[Information]:
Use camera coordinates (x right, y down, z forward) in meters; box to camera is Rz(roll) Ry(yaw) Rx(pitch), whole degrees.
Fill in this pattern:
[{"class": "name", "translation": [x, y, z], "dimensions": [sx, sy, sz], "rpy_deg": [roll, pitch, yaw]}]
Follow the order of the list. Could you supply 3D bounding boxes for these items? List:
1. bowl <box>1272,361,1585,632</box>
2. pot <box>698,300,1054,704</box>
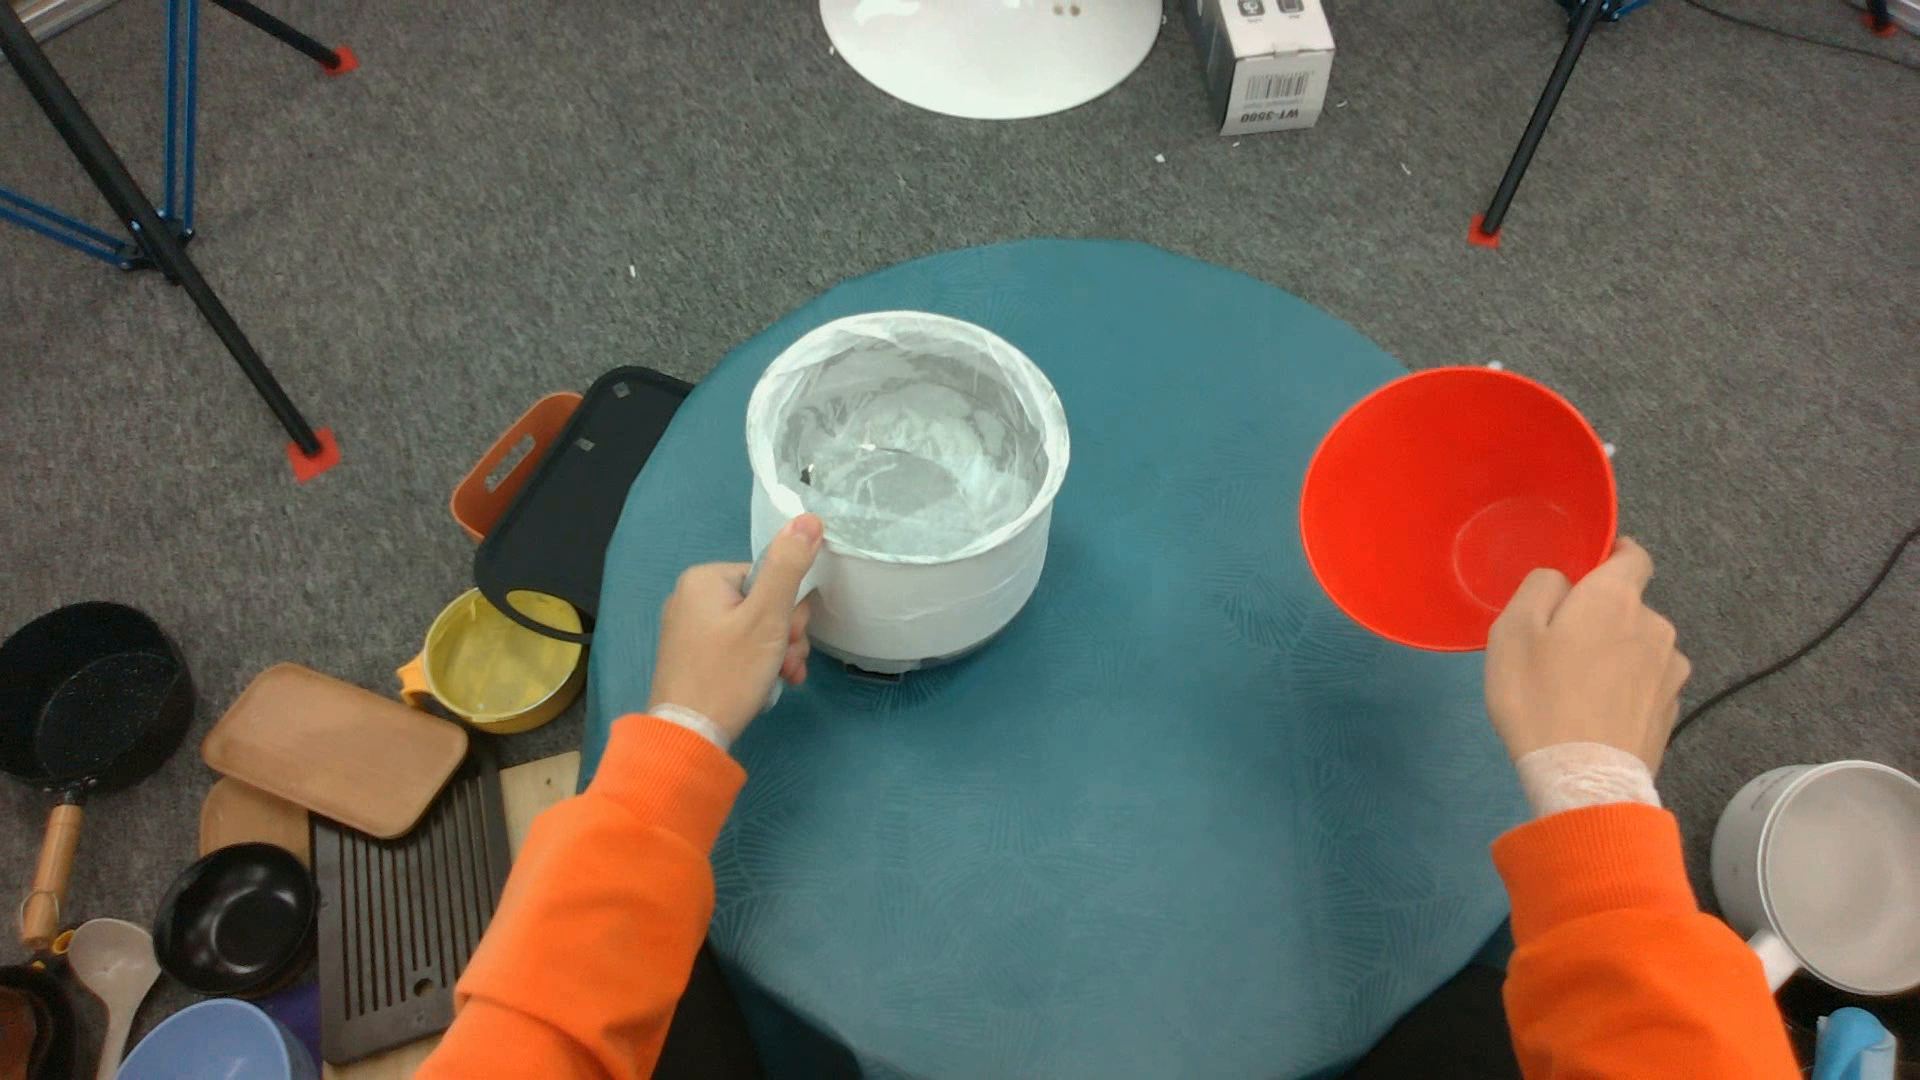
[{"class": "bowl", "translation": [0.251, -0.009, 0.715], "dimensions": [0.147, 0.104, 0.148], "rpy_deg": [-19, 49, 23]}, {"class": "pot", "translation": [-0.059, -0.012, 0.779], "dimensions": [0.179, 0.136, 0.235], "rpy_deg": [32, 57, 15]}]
---
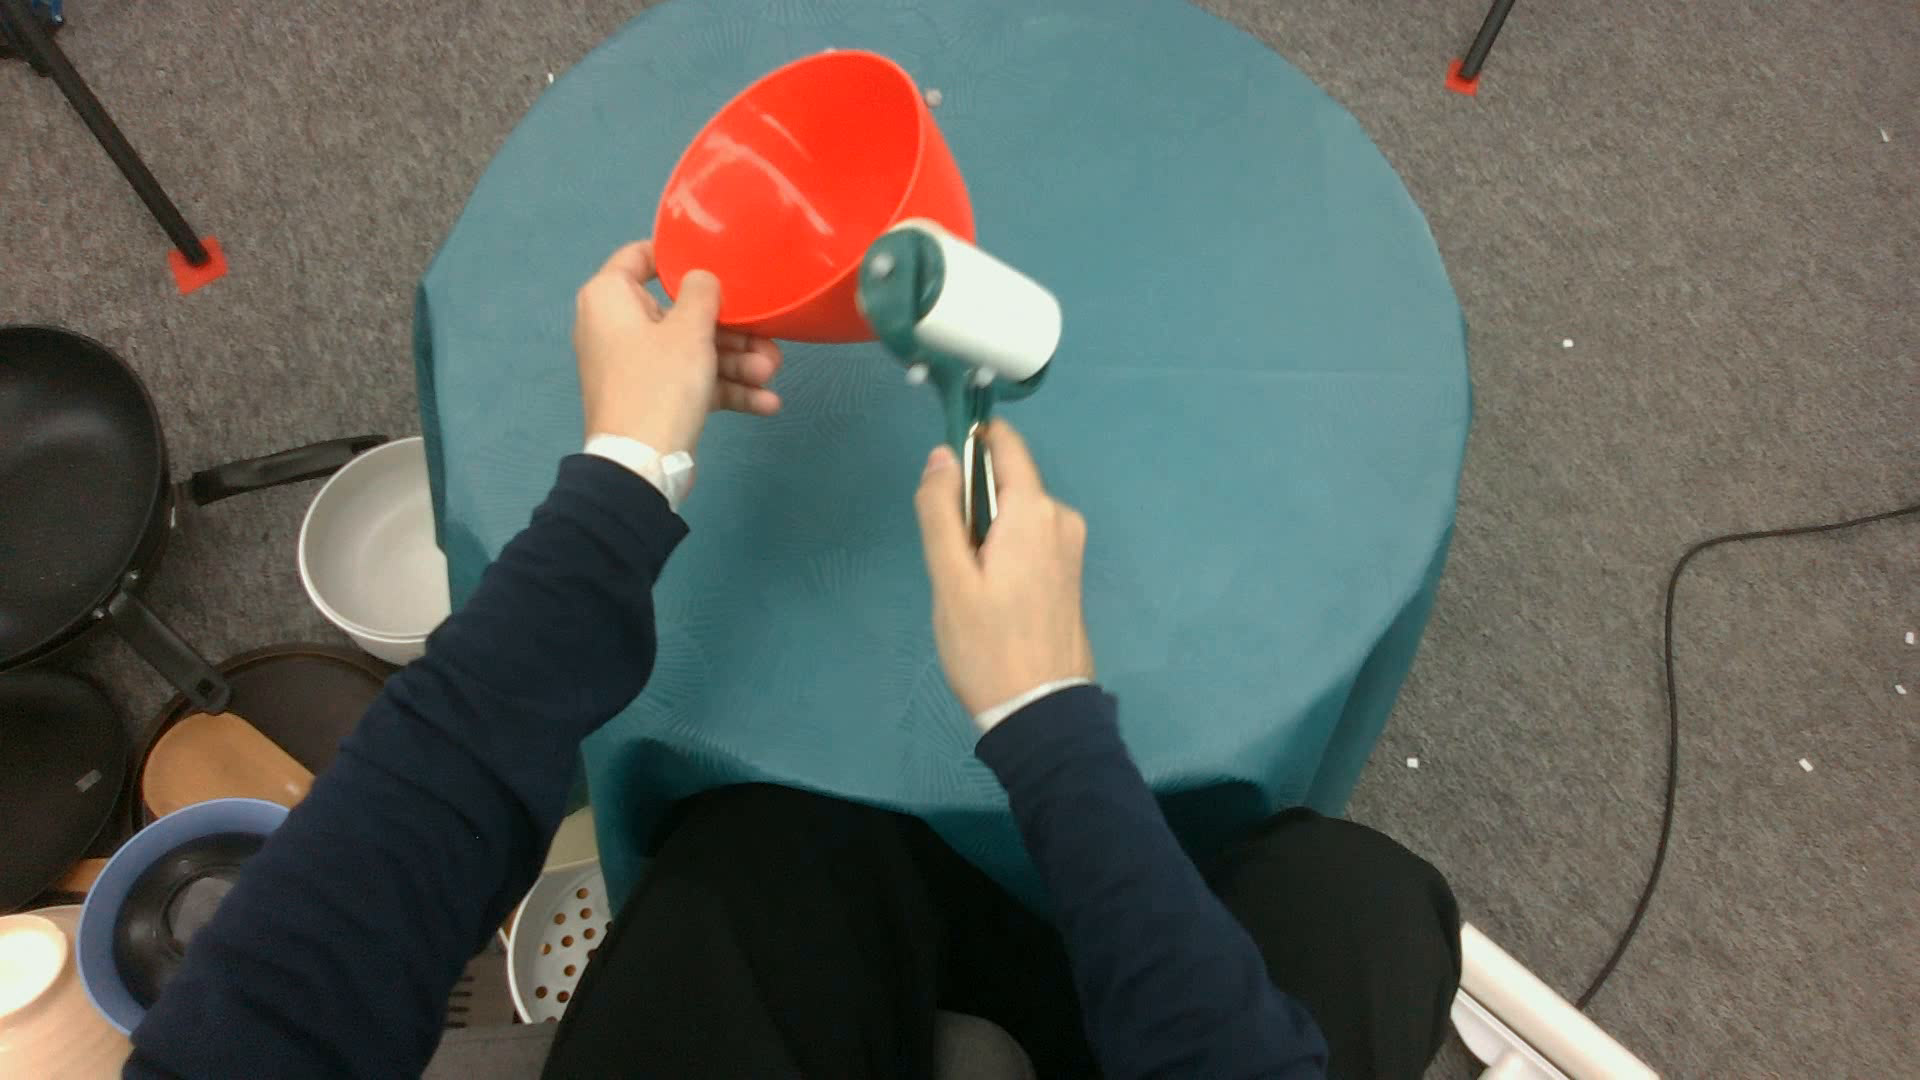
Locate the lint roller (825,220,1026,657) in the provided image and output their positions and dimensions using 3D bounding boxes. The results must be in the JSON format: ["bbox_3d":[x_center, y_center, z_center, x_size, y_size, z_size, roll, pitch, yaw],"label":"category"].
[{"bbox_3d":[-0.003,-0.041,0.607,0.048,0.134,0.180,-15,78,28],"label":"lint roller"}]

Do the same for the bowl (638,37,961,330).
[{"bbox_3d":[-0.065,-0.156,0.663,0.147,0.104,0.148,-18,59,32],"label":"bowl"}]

[What to do]: Above are the records. Copy the lines beginning at the one that has "Fill in this" and ending with the one that has "1. bowl <box>1272,361,1585,632</box>", unchanged.

[Worked solution]:
Fill in this pattern:
[{"class": "name", "translation": [x, y, z], "dimensions": [sx, sy, sz], "rpy_deg": [roll, pitch, yaw]}]
Follow the order of the list. Could you supply 3D bounding boxes for these items? List:
1. bowl <box>1272,361,1585,632</box>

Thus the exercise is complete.